With the cancellation of HackTech, first COVID-19 case in Santa Cruz and the worldwide hysteria caused by a possible global pandemic, it seemed unnatural for us to develop for anything other than Coronavirus. While we regret no being able to come up with a vaccine this weekend, we built an app to minimize the out of control panic and hysteria that harms more people than it helps.
What it does
This chrome extension will give users more information based on the media it is drawn from. We will be using all media sources to pull information to use in Google's nlp API. This results in keywords which we then use in the News-API to recommend alternative articles and display the predicted reliability score.
How we built it
Our app uses machine learning and data science to fact check various news sources using keywords, authors and sources from the URLs being checked.

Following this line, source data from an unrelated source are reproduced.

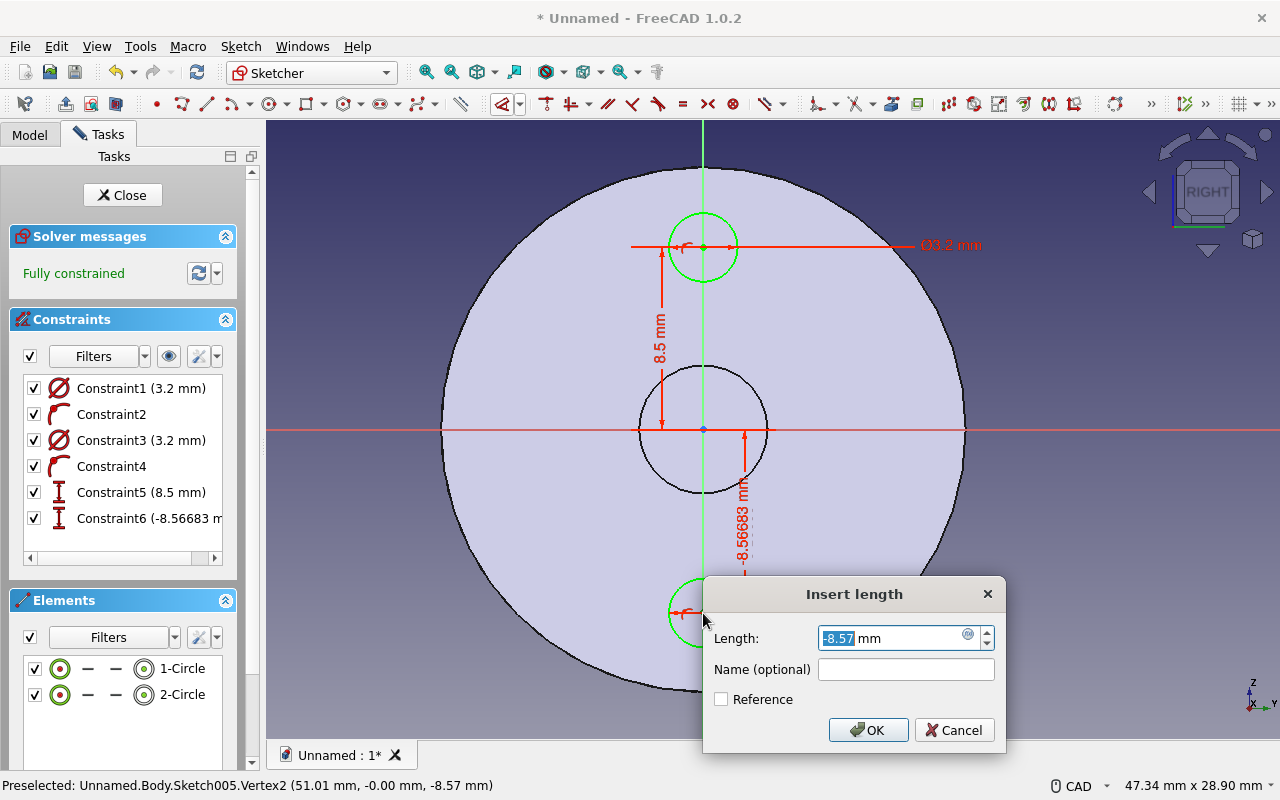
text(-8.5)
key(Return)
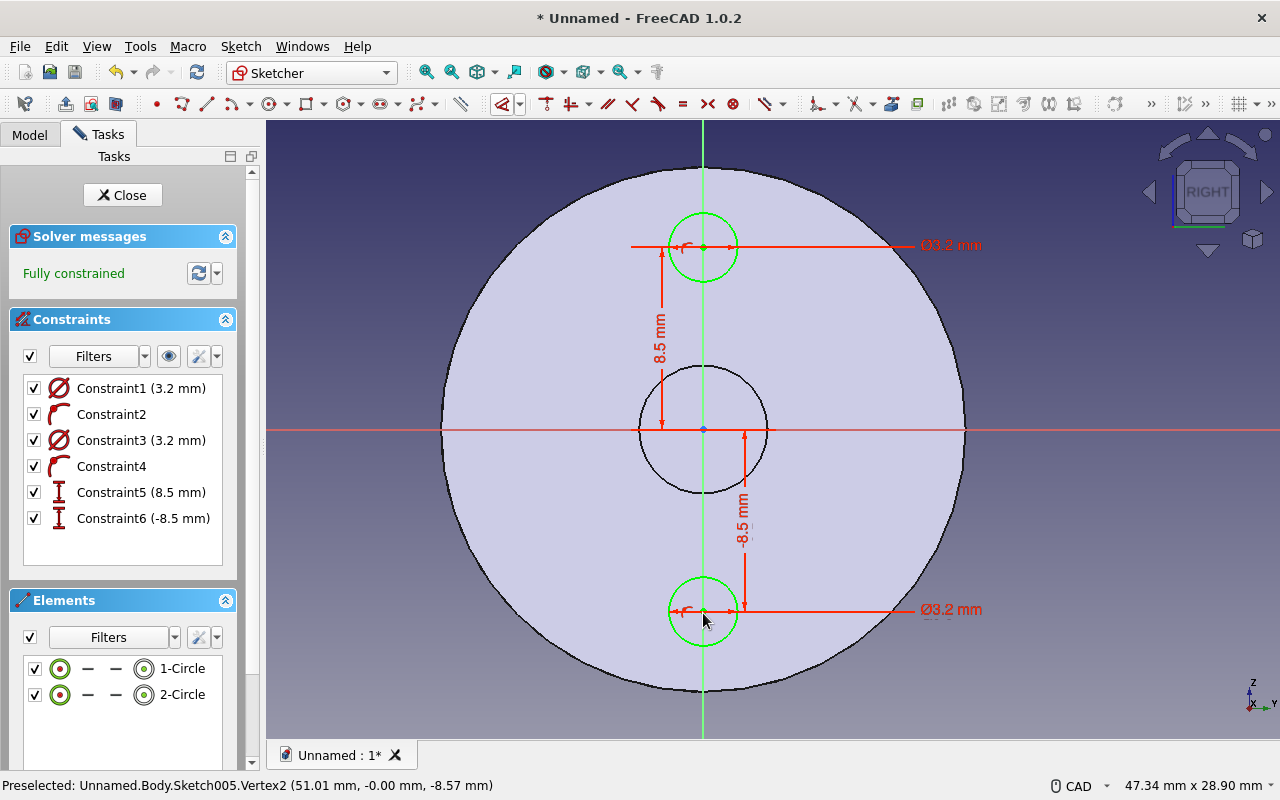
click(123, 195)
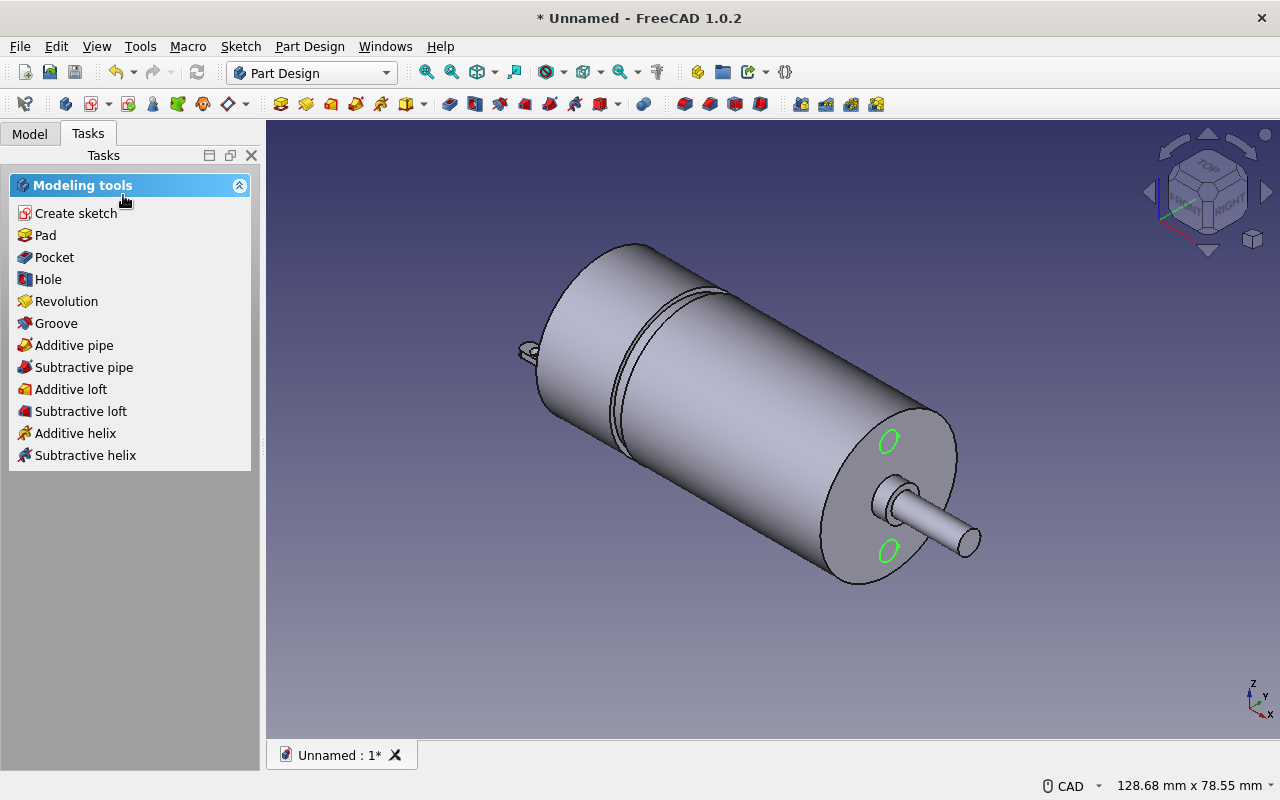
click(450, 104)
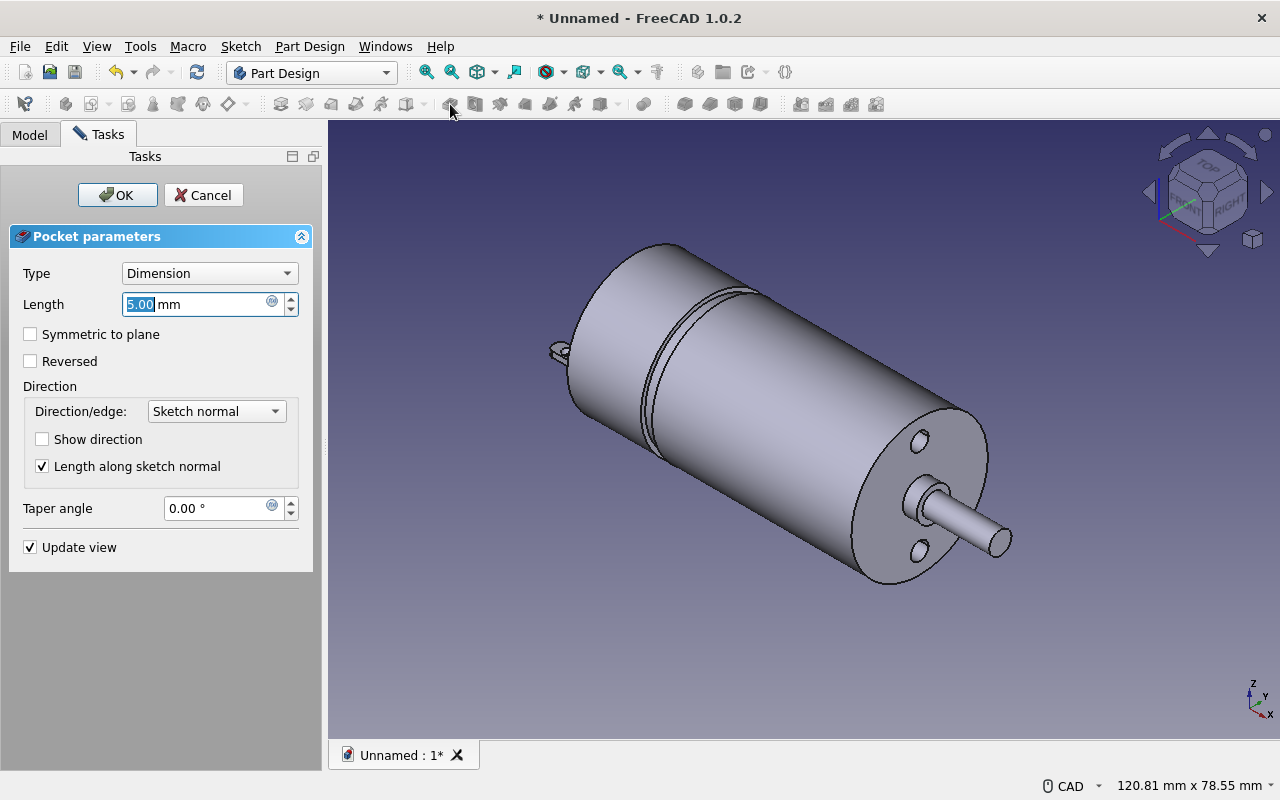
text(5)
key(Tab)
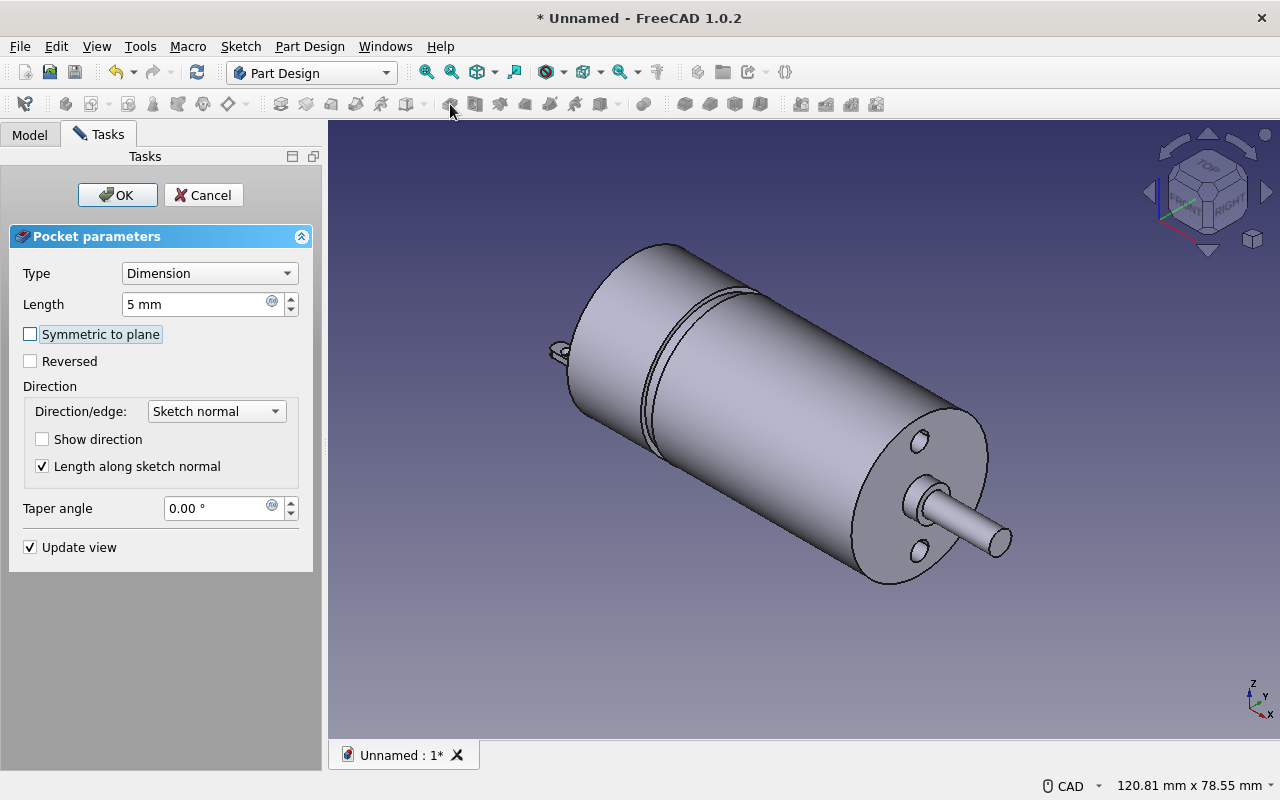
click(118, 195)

In order to train a model that accurately recognizes potentially unreliable sources, we used a dataset of 9.5 million URLs (https://github.com/several27/FakeNewsCorpus) that contain a variety of fake, biased and reliable news links.
Challenges we ran into
The dataset we used to train our model to recognize unreliable sources was far too large for the amount of computer power that was available to us. Processing the data in a way that maintains as much thoroughness and accuracy as possible proved to be a lengthy and difficult task.
What we learned
We learned how to use natural language processing for sentiment analysis and classifying text data. We spent a huge amount of time pre processing data for use with a deep learning model.
What's next for Corona Truth Finder
We plan on optimizing our model to be more accurate by checking more of the data in the sources we are classifying as reliable or unreliable. We also want to make our app available on more platforms.